>>>>

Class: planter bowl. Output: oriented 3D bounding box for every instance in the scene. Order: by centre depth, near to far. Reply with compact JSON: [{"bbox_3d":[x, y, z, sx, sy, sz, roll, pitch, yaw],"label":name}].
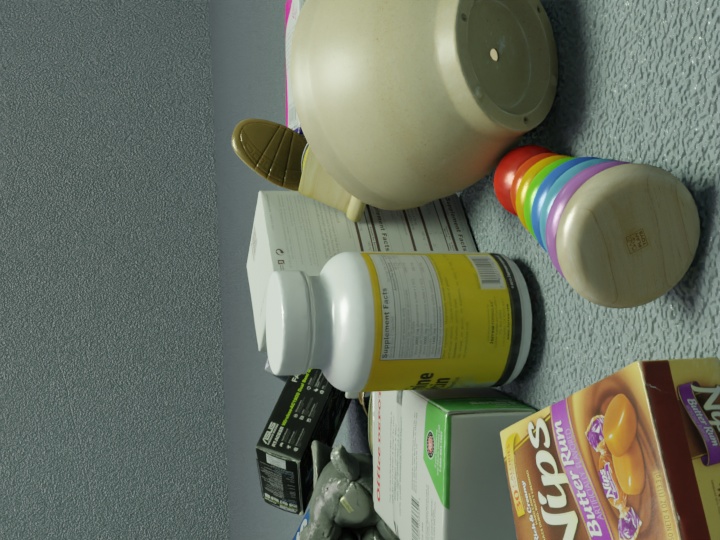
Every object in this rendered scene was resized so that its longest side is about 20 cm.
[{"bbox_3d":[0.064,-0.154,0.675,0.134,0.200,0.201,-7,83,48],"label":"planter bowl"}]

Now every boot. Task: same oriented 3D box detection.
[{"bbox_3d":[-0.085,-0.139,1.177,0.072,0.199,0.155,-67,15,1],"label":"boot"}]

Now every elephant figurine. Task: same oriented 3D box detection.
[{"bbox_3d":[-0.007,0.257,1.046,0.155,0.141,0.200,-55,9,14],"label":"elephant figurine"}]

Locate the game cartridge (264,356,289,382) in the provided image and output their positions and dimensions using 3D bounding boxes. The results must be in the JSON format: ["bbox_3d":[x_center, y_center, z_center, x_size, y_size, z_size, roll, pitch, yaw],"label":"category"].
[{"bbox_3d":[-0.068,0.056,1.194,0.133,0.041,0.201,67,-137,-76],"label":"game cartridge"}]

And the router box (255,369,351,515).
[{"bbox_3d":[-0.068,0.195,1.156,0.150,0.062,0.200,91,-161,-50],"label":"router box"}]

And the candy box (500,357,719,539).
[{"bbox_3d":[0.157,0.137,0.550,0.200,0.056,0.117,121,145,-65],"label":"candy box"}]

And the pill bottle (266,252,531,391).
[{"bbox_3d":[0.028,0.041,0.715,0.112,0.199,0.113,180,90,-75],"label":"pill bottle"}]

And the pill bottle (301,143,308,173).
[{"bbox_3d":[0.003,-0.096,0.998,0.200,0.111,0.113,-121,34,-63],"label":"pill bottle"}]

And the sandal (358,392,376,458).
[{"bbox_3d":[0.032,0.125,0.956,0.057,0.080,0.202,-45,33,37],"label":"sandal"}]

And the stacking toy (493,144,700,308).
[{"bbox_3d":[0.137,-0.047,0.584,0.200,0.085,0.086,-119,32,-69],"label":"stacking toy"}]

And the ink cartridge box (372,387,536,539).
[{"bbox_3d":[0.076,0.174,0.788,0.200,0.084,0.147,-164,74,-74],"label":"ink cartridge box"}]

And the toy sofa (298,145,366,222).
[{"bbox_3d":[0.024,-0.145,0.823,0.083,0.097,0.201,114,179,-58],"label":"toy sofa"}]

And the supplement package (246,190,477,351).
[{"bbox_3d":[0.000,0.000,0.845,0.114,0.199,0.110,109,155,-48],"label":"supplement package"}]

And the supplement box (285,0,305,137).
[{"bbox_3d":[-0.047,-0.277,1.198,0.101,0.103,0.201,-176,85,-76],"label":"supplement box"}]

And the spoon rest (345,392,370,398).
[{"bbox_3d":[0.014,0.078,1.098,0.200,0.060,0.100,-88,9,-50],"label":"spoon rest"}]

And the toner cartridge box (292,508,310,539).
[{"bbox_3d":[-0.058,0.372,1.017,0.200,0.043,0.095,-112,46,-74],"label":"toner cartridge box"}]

<<<<
>>>>

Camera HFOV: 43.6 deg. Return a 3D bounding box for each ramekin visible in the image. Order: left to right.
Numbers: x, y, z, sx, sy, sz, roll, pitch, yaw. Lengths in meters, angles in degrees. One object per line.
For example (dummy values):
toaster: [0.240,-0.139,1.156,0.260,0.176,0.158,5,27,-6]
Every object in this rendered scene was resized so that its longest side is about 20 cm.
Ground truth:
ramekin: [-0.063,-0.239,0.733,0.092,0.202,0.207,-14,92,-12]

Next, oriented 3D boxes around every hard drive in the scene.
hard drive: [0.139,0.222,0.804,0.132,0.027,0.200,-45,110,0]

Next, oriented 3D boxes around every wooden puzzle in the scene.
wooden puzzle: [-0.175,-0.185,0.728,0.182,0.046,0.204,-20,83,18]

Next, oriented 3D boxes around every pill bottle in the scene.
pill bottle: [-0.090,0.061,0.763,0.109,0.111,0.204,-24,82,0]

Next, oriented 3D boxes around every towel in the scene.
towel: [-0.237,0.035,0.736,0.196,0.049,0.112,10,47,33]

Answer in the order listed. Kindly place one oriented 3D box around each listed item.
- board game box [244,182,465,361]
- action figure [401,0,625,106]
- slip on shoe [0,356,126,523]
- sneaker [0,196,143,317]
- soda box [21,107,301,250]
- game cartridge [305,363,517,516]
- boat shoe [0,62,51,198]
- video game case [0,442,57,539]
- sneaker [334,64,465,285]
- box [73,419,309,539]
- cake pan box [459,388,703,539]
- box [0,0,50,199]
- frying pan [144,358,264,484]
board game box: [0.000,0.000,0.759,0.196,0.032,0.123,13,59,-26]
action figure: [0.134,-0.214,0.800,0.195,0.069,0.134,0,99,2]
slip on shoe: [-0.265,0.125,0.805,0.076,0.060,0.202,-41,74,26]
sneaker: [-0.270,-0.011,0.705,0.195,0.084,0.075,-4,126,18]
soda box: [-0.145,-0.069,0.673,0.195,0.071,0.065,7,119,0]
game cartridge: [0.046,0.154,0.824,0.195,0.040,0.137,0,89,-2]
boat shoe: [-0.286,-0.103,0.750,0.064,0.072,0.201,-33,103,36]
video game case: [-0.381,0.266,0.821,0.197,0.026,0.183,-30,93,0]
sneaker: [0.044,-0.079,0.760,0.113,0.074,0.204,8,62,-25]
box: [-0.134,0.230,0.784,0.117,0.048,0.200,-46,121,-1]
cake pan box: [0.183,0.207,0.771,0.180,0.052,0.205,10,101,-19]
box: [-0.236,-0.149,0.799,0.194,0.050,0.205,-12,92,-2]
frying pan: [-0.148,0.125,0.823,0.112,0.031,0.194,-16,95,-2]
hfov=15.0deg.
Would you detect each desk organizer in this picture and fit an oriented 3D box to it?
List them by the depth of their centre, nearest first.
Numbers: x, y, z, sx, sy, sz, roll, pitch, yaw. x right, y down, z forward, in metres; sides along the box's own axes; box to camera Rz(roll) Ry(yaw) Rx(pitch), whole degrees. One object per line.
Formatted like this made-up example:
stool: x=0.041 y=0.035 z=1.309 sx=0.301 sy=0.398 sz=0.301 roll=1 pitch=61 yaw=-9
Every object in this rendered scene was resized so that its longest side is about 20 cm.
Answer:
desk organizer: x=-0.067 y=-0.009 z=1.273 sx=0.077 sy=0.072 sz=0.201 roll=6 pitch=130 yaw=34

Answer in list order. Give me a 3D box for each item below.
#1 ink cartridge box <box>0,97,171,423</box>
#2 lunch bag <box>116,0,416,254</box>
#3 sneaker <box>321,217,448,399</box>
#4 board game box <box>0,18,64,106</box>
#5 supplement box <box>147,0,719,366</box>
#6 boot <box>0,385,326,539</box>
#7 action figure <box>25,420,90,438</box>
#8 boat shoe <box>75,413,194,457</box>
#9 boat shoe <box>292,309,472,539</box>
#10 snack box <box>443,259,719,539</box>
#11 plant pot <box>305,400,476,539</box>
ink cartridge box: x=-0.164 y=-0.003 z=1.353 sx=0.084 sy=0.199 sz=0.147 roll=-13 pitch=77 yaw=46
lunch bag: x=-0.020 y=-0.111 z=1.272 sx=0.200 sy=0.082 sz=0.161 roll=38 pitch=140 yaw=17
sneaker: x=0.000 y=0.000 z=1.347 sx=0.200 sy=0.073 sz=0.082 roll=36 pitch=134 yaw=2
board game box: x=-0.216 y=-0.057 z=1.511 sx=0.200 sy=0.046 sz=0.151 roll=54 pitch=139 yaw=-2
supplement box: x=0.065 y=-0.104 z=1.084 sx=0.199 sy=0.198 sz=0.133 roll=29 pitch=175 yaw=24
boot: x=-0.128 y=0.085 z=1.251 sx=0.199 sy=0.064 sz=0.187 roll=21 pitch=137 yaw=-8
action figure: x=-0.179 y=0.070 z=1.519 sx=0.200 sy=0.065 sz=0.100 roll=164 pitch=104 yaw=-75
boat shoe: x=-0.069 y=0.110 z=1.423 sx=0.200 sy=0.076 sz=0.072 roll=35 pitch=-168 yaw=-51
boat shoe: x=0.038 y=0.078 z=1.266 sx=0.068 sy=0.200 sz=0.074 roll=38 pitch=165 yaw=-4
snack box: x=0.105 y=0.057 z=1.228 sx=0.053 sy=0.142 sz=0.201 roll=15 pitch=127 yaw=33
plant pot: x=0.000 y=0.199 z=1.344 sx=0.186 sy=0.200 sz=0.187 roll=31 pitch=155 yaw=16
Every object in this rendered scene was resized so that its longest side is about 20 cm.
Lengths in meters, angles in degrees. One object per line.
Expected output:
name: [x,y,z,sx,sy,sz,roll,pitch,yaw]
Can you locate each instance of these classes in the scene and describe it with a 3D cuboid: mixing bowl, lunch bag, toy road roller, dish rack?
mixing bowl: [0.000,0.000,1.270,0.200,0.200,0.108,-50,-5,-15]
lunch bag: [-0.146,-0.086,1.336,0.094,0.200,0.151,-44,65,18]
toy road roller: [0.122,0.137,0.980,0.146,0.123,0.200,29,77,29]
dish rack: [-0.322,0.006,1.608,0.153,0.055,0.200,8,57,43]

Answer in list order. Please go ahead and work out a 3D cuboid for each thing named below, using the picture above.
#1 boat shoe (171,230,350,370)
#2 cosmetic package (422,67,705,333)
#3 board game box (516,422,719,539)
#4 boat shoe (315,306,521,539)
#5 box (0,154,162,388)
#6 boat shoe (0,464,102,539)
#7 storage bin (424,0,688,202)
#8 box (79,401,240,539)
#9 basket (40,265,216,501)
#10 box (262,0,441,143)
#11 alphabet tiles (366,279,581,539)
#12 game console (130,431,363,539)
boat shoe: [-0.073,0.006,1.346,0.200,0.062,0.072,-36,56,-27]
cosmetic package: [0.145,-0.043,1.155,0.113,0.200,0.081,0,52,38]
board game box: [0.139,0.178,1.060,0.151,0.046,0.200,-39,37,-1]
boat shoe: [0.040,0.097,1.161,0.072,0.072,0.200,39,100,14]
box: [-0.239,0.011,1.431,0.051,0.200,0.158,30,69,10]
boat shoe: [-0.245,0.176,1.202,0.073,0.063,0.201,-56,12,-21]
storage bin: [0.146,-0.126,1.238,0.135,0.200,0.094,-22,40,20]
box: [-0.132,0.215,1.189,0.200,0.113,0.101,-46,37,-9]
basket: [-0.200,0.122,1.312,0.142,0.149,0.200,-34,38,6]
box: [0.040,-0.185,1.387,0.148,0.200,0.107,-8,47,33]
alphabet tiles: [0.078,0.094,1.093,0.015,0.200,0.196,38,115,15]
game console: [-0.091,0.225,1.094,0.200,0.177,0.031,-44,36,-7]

<<<<

YOUR TASK —
Take the lines above from the one containing "#10 snack box <box>443,259,719,539</box>" to the one containing "name: [x,y,z,sx,sy,sz,roll,pitch,yaw]" and retype them exactly, both ends included, with nothing added.

TASK ANSWER —
#10 snack box <box>443,259,719,539</box>
#11 plant pot <box>305,400,476,539</box>
ink cartridge box: x=-0.164 y=-0.003 z=1.353 sx=0.084 sy=0.199 sz=0.147 roll=-13 pitch=77 yaw=46
lunch bag: x=-0.020 y=-0.111 z=1.272 sx=0.200 sy=0.082 sz=0.161 roll=38 pitch=140 yaw=17
sneaker: x=0.000 y=0.000 z=1.347 sx=0.200 sy=0.073 sz=0.082 roll=36 pitch=134 yaw=2
board game box: x=-0.216 y=-0.057 z=1.511 sx=0.200 sy=0.046 sz=0.151 roll=54 pitch=139 yaw=-2
supplement box: x=0.065 y=-0.104 z=1.084 sx=0.199 sy=0.198 sz=0.133 roll=29 pitch=175 yaw=24
boot: x=-0.128 y=0.085 z=1.251 sx=0.199 sy=0.064 sz=0.187 roll=21 pitch=137 yaw=-8
action figure: x=-0.179 y=0.070 z=1.519 sx=0.200 sy=0.065 sz=0.100 roll=164 pitch=104 yaw=-75
boat shoe: x=-0.069 y=0.110 z=1.423 sx=0.200 sy=0.076 sz=0.072 roll=35 pitch=-168 yaw=-51
boat shoe: x=0.038 y=0.078 z=1.266 sx=0.068 sy=0.200 sz=0.074 roll=38 pitch=165 yaw=-4
snack box: x=0.105 y=0.057 z=1.228 sx=0.053 sy=0.142 sz=0.201 roll=15 pitch=127 yaw=33
plant pot: x=0.000 y=0.199 z=1.344 sx=0.186 sy=0.200 sz=0.187 roll=31 pitch=155 yaw=16
Every object in this rendered scene was resized so that its longest side is about 20 cm.
Lengths in meters, angles in degrees. One object per line.
Expected output:
name: [x,y,z,sx,sy,sz,roll,pitch,yaw]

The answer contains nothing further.